--- Data for review ---
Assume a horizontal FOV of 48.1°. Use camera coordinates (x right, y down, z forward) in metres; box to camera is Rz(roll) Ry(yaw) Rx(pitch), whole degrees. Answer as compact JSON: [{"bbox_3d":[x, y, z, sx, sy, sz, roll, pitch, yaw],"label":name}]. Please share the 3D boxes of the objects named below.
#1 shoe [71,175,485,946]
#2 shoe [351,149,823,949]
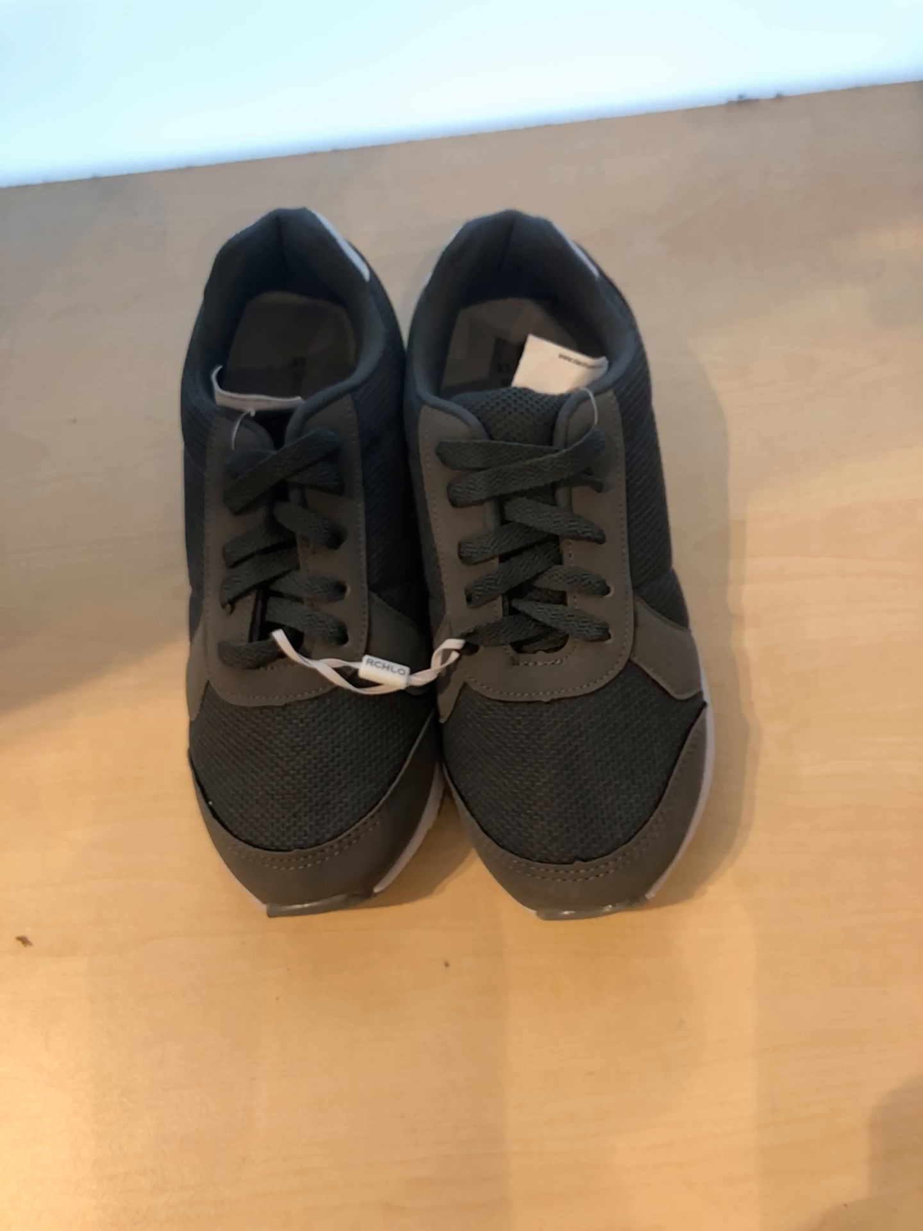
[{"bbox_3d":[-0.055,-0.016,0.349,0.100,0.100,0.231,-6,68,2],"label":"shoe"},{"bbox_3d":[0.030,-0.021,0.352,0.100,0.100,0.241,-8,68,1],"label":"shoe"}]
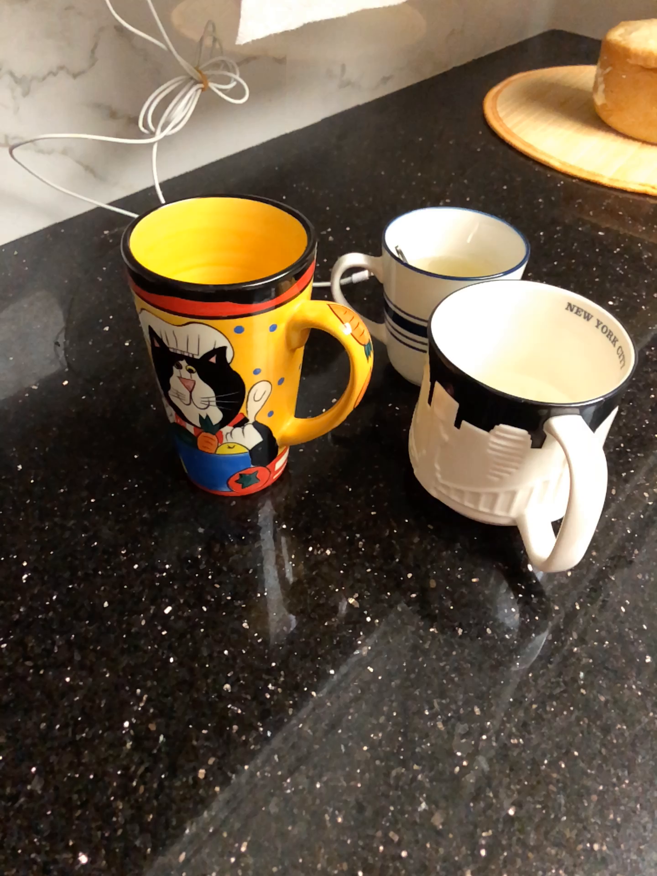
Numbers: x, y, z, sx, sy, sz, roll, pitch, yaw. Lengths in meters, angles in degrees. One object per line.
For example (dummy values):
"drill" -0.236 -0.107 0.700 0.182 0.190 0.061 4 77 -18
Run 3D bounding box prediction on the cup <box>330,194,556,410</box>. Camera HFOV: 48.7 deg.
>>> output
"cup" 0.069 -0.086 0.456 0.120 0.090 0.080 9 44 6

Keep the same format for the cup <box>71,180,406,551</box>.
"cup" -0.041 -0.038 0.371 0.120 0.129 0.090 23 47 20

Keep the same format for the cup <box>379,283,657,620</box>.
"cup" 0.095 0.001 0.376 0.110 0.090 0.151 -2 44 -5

--- Your objective ---
Start at the first line of the entries and stop at the line that contains "#1 shoe [71,175,485,946]". Repeat every line in that span exactly, and nothing beyond it.

--- Final answer ---
Assume a horizontal FOV of 48.1°. Use camera coordinates (x right, y down, z forward) in metres; box to camera is Rz(roll) Ry(yaw) Rx(pitch), whole degrees. Answer as compact JSON: [{"bbox_3d":[x, y, z, sx, sy, sz, roll, pitch, yaw],"label":name}]. Please share the 3D boxes of the objects named below.
#1 shoe [71,175,485,946]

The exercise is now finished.